§ ABOUT THIS TASK:
Count the lines in the following data that include "below". Please write only the number.

---------- SOURCE MATERIAL ----------

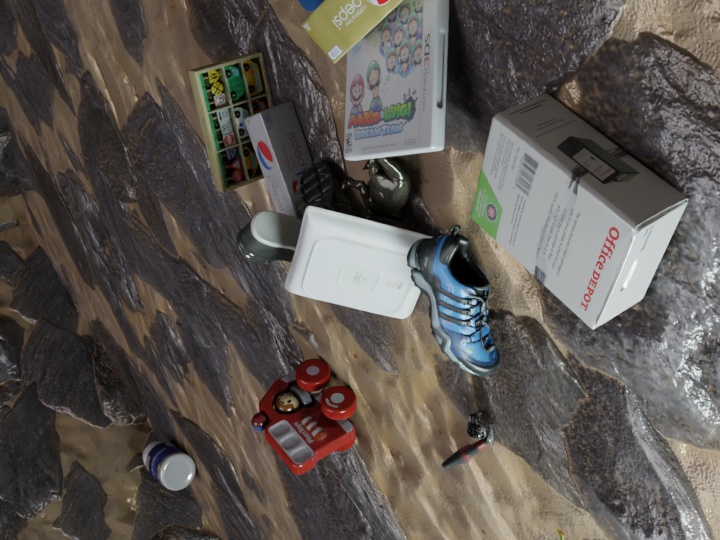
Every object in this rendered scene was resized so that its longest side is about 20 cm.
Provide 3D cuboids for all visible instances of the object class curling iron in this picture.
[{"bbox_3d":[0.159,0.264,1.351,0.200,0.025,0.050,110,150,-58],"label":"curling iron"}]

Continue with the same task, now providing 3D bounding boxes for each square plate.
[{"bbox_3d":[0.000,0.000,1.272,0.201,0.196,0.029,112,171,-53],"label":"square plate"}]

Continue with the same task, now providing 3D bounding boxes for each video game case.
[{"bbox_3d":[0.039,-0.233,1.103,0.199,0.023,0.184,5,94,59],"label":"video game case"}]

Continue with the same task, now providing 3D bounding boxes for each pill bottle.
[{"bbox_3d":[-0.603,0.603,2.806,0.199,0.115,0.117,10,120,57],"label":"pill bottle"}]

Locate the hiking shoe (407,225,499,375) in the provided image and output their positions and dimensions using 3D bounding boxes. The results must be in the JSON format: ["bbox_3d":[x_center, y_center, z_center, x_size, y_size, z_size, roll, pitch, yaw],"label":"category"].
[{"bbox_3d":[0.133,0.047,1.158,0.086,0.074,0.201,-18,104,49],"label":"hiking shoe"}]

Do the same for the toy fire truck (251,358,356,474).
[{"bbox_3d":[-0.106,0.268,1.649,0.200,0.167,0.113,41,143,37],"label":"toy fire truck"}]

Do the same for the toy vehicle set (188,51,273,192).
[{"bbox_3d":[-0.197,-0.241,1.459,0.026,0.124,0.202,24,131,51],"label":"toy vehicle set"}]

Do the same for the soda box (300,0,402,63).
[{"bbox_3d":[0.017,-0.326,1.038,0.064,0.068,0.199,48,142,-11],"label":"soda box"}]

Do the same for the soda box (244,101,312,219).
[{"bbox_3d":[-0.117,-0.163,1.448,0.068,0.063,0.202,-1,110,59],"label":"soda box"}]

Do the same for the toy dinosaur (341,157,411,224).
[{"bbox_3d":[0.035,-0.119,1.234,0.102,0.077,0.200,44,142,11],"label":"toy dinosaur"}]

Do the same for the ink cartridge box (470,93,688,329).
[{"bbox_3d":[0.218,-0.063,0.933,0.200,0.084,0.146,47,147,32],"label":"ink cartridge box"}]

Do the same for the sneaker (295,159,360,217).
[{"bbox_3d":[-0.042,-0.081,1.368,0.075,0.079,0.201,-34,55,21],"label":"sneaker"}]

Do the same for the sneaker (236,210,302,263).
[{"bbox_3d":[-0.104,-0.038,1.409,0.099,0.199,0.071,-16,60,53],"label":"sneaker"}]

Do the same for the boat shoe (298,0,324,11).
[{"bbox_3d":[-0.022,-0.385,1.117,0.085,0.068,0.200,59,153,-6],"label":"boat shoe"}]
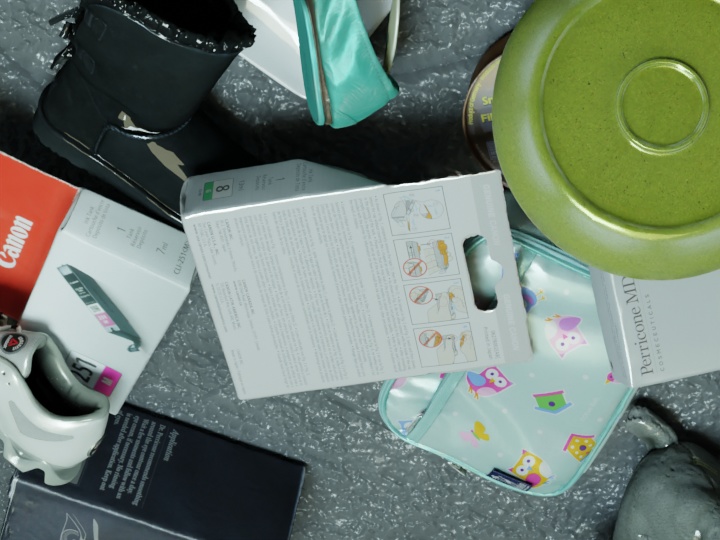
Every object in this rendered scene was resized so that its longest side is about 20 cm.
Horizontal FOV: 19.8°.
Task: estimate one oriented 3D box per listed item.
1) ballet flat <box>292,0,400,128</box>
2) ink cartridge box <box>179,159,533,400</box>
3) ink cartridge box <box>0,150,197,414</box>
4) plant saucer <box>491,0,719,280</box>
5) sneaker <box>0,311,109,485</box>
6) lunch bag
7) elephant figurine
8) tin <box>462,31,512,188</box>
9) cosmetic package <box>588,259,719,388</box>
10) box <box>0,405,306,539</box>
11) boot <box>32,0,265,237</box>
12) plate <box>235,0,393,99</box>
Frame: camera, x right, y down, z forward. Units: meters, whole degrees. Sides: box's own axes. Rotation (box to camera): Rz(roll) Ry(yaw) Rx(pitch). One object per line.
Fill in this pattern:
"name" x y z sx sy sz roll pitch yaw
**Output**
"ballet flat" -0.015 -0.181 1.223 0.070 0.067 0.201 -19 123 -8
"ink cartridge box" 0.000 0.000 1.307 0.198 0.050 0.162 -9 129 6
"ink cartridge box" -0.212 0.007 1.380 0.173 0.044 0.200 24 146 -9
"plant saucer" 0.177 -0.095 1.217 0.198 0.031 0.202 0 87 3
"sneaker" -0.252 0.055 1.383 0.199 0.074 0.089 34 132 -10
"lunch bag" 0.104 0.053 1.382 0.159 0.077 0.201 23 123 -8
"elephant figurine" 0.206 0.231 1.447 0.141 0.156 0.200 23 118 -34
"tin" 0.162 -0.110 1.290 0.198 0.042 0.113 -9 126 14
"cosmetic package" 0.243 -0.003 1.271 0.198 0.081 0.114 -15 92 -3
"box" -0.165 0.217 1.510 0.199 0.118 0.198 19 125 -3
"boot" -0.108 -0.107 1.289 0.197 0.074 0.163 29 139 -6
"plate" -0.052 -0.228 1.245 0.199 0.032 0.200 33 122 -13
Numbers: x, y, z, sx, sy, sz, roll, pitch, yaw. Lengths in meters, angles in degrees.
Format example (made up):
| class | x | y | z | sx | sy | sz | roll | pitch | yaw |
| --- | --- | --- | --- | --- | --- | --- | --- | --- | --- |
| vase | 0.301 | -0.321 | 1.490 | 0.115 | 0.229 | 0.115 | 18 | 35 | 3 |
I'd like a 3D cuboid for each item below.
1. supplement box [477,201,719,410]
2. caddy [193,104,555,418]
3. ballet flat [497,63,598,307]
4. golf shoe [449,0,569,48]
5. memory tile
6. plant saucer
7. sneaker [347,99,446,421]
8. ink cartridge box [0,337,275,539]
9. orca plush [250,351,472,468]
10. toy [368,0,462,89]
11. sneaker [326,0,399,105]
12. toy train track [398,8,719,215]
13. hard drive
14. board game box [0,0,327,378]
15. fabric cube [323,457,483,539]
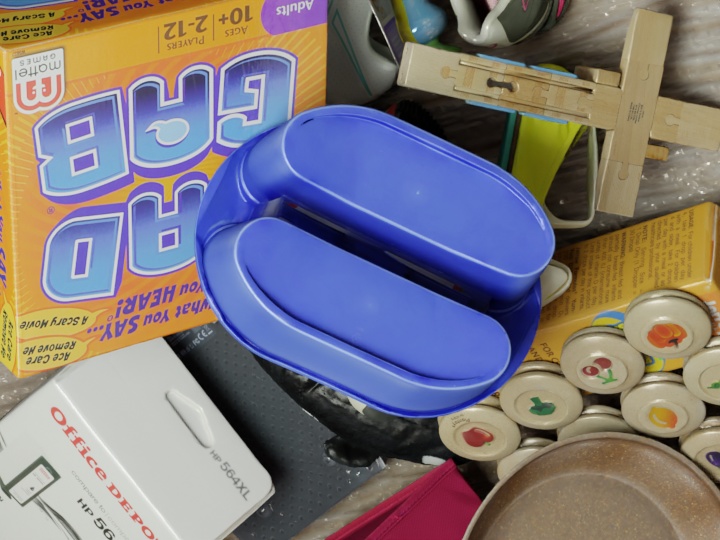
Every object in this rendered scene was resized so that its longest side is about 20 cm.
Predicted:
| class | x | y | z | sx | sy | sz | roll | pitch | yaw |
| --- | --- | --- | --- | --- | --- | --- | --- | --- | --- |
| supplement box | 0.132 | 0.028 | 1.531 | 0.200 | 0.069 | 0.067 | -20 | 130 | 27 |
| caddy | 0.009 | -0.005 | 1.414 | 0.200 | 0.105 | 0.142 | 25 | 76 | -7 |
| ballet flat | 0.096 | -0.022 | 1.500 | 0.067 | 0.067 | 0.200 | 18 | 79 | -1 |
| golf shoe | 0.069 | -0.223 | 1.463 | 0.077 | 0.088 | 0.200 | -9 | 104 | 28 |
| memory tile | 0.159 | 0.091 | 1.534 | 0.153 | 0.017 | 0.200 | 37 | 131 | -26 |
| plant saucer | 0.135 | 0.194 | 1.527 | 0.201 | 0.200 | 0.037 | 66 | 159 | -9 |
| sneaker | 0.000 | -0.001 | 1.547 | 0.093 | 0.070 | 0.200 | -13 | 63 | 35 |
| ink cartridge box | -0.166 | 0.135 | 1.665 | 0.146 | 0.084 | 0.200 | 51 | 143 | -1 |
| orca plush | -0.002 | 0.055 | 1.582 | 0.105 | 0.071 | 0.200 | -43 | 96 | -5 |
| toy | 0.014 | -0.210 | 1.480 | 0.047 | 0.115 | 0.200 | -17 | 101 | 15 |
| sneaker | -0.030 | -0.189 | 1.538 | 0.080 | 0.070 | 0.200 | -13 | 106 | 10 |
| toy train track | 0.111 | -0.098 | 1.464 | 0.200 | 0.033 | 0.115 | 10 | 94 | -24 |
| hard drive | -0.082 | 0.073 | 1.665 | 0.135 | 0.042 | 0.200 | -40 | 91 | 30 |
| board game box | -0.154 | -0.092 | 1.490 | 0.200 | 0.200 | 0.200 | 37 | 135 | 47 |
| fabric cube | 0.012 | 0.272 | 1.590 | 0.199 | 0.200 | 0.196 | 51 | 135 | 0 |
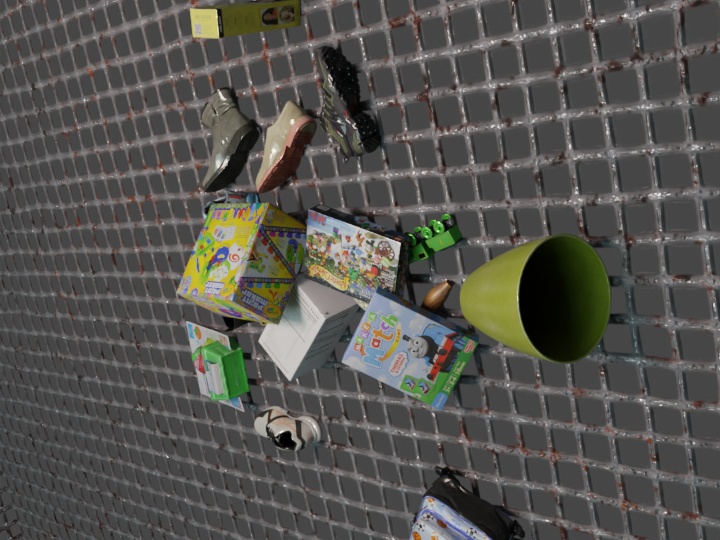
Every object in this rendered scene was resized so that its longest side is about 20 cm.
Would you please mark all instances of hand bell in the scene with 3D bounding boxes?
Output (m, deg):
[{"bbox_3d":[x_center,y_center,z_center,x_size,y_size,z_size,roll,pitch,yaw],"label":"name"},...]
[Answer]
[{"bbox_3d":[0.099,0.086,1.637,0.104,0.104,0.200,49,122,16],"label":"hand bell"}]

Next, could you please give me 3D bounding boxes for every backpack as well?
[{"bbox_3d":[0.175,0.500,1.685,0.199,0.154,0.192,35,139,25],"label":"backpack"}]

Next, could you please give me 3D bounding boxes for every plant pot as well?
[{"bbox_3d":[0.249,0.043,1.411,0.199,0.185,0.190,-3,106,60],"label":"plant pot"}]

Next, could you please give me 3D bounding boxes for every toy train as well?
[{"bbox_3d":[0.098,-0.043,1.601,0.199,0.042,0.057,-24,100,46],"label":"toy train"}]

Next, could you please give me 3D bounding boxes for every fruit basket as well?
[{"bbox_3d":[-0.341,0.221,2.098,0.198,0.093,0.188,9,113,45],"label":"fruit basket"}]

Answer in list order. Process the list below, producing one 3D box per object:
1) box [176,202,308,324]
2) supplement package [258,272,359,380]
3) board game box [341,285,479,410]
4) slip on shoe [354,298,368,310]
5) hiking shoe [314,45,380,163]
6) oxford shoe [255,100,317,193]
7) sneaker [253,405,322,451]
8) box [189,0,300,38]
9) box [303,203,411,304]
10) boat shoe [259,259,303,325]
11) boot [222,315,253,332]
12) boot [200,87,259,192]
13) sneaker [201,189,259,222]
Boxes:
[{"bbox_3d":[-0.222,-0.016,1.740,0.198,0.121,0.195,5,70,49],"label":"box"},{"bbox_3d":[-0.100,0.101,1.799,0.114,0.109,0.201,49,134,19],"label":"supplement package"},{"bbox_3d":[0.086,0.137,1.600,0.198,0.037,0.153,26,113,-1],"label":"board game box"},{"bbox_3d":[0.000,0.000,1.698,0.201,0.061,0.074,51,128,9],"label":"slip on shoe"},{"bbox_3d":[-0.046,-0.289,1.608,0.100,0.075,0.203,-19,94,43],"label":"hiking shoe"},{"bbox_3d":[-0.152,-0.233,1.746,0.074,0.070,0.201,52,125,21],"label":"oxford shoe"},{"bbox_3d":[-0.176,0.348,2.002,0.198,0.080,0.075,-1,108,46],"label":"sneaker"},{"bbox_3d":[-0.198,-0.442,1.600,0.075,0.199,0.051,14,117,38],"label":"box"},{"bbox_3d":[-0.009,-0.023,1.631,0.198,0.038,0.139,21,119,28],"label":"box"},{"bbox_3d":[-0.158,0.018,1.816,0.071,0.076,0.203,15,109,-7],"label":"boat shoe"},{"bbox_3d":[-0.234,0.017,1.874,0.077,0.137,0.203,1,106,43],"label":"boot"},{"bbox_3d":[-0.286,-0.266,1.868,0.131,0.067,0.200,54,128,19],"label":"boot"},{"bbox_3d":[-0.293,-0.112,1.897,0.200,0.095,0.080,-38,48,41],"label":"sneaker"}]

----------

§ ANSWER TO THIS PROBLEM:
2